Composé de trente-trois panneaux différents en tout, c'est la section centrale de neuf panneaux, représentant l'histoire de la Genèse qui se trouvent au cœur du plafond ; et qui pourrait être considéré comme le chef-d'œuvre de Michel-Ange. Le Déluge est le deuxième de ces panneaux, et raconte l'histoire du Grand Déluge, lorsque Dieu a noyé la Terre, sauf les occupants de l'Arche de Noé ; qui est visible ici en arrière-plan, flottant sur la montée des eaux. L'Ancien Testament est un texte plus brut, plus violent que le Nouveau, et Michel-Ange ici ne craint pas la notion d'un Dieu vengeur. La peinture est une masse d'énergie qui se tord, alors que des personnages nus cherchent à échapper à la montée des eaux ; la peinture transmet efficacement le sentiment de panique avec des coups de pinceau musclés détaillant les formes déformées des personnes condamnées.

Partout où l'on regarde dans ce tableau, il y a du désespoir, un nœud de personnages au premier plan à gauche escaladant un rocher stérile (et dans un cas un arbre foudroyé aux membres nus, le manque de feuilles de l'arbre étant sûrement un clin d'œil à la façon dont la vie s'en va le monde) se reflète sur la droite par un autre groupe regroupé sous un abri rudimentaire. Au centre de l'image se trouve la scène la plus désespérée de toutes, un groupe dans un bateau qui est visiblement en train de chavirer - sûrement une métaphore de l'impuissance de l'homme face à Dieu tout-puissant. Les seuls à être sauvés sont ceux de l'Arche, que l'on peut voir ici encore en train de travailler frénétiquement, le châtiment de Dieu venant peut-être un peu plus tôt que prévu par Noé.

Mais fait-il autre chose ici ? La scène est si désespérée, et la destruction si visiblement imminente, que le spectateur est obligé de s'interroger sur le bien-fondé d'une telle vengeance. Certes, la relation de Michel-Ange amoureux de la vie avec l'Église était parfois difficile à concilier avec ses tendances hédonistes (dans les années suivantes, El Greco devait le considérer comme insuffisamment chrétien), il ne voulait pas peindre le plafond de la chapelle Sixtine, étant occupé à la temps sur la tombe du pape Jules II, et se considérant plus sculpteur que peintre. Des éléments de cette œuvre peuvent nous conduire aux romantiques français de plusieurs siècles plus tard comme Eugène Delacroix et Théodore Géricault. Il a même écrit un poème détaillant à quel point c'était une expérience désagréable. Dans ce contexte, est-il possible que la nature viscérale de ce tableau soit destinée à inviter à la critique ? Faire en sorte que le spectateur remette en question la justesse des actions de Dieu ?

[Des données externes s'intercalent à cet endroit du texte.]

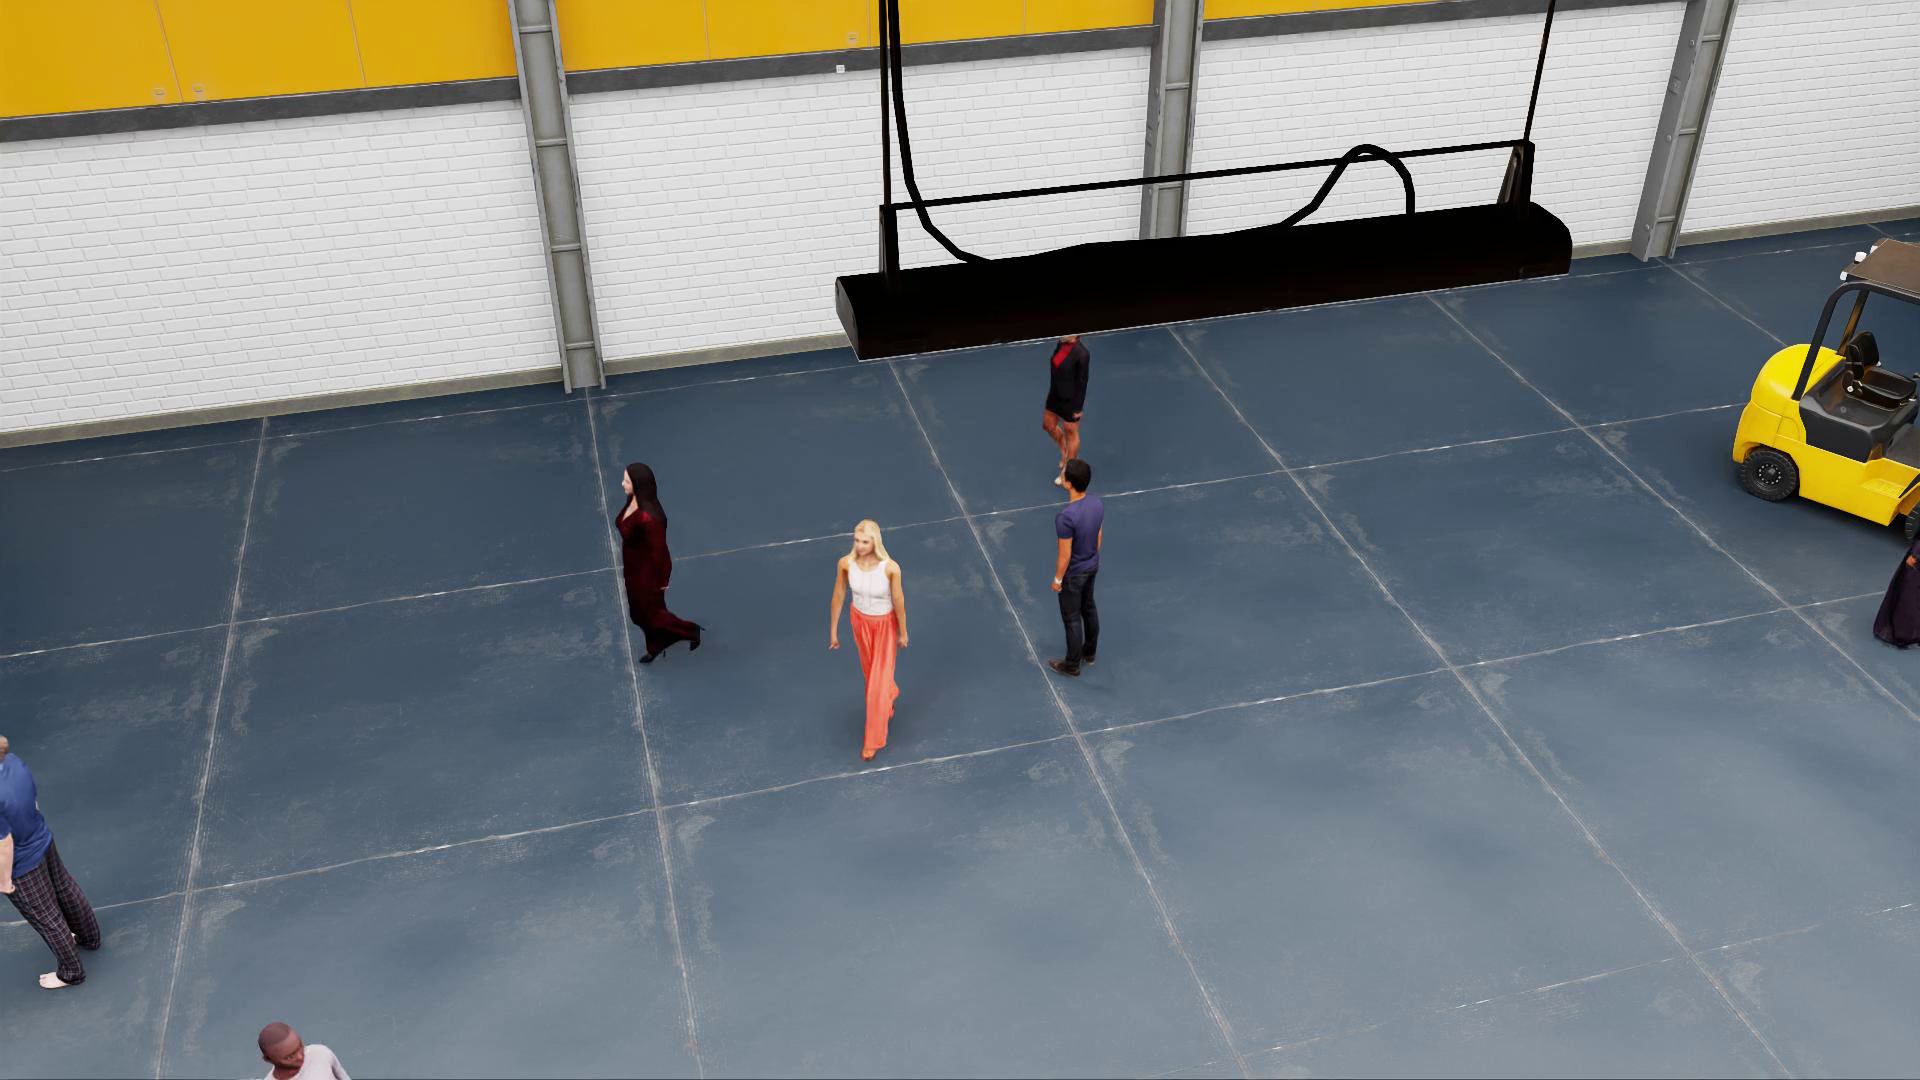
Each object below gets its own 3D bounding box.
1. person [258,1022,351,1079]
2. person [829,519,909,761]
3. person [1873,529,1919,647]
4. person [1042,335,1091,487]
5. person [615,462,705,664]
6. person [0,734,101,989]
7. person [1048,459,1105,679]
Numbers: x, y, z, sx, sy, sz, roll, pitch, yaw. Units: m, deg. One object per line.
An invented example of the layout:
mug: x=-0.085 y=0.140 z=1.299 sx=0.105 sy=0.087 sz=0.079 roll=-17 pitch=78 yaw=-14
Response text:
person: x=-3.177 y=2.936 z=8.094 sx=1.222 sy=1.739 sz=1.095 roll=13 pitch=36 yaw=19
person: x=-0.569 y=0.574 z=11.613 sx=1.061 sy=1.778 sz=1.048 roll=11 pitch=35 yaw=15
person: x=7.334 y=0.098 z=12.490 sx=0.615 sy=1.600 sz=0.761 roll=-20 pitch=39 yaw=-27
person: x=0.986 y=-1.223 z=14.448 sx=0.700 sy=1.632 sz=0.669 roll=-20 pitch=38 yaw=-27
person: x=-2.213 y=0.184 z=12.227 sx=0.796 sy=1.747 sz=0.701 roll=-12 pitch=36 yaw=-18
person: x=-5.415 y=1.821 z=9.653 sx=0.638 sy=1.871 sz=0.712 roll=0 pitch=34 yaw=0
person: x=0.864 y=0.209 z=12.153 sx=0.785 sy=1.788 sz=0.668 roll=26 pitch=42 yaw=34
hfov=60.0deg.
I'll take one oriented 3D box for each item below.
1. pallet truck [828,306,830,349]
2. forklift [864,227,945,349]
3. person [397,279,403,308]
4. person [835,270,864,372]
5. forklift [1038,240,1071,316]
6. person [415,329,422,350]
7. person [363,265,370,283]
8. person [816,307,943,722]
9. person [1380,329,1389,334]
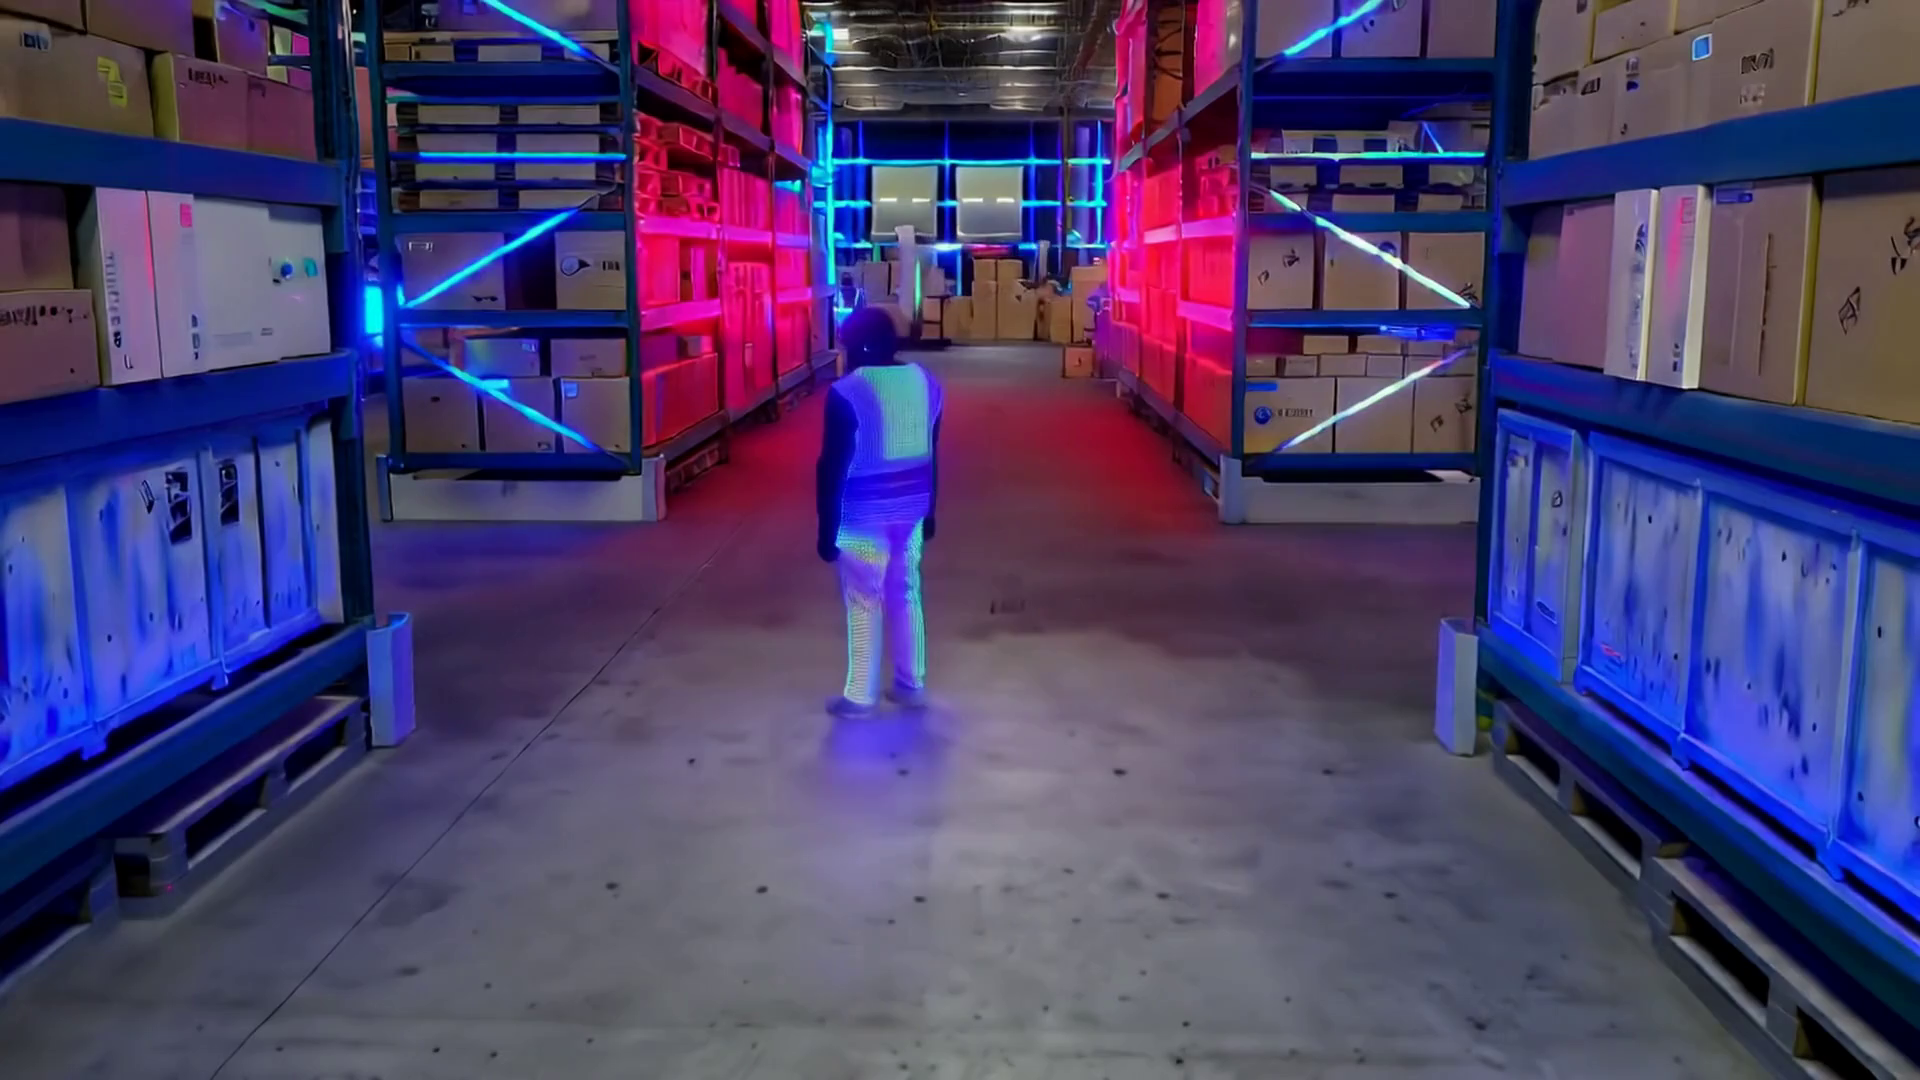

Quelle que soit la motivation de Michel-Ange, ce qui est incontestable, c'est la puissance de cette peinture. Son énergie est presque aussi écrasante que l'eau. L'utilisation de la couleur est magistrale, les eaux sont d'un blanc et d'un gris impitoyables plutôt que d'un bleu parfait. Ce vide furieux et orageux est la toile de fond parfaite pour les tons chair vifs de son peuple alors qu'il tente en vain de s'échapper. Les corps sont représentés avec la précision anatomique habituelle de Michel-Ange et son œil pour la beauté, en particulier de la forme masculine. Les parties humaines de la peinture sont pleines d'action, les corps sont serrés les uns contre les autres, le niveau de détail est incroyable. Mais l'aspect peut-être le plus touchant du Déluge est l'image d'un homme tenant tendrement le corps noyé d'un autre, vraisemblablement son fils. Ainsi, nous avons un acte d'amour au milieu d'un tableau sur la rétribution. Quant à savoir si cela représente l'amour divin ou le genre plus humain, c'est au spectateur de juger.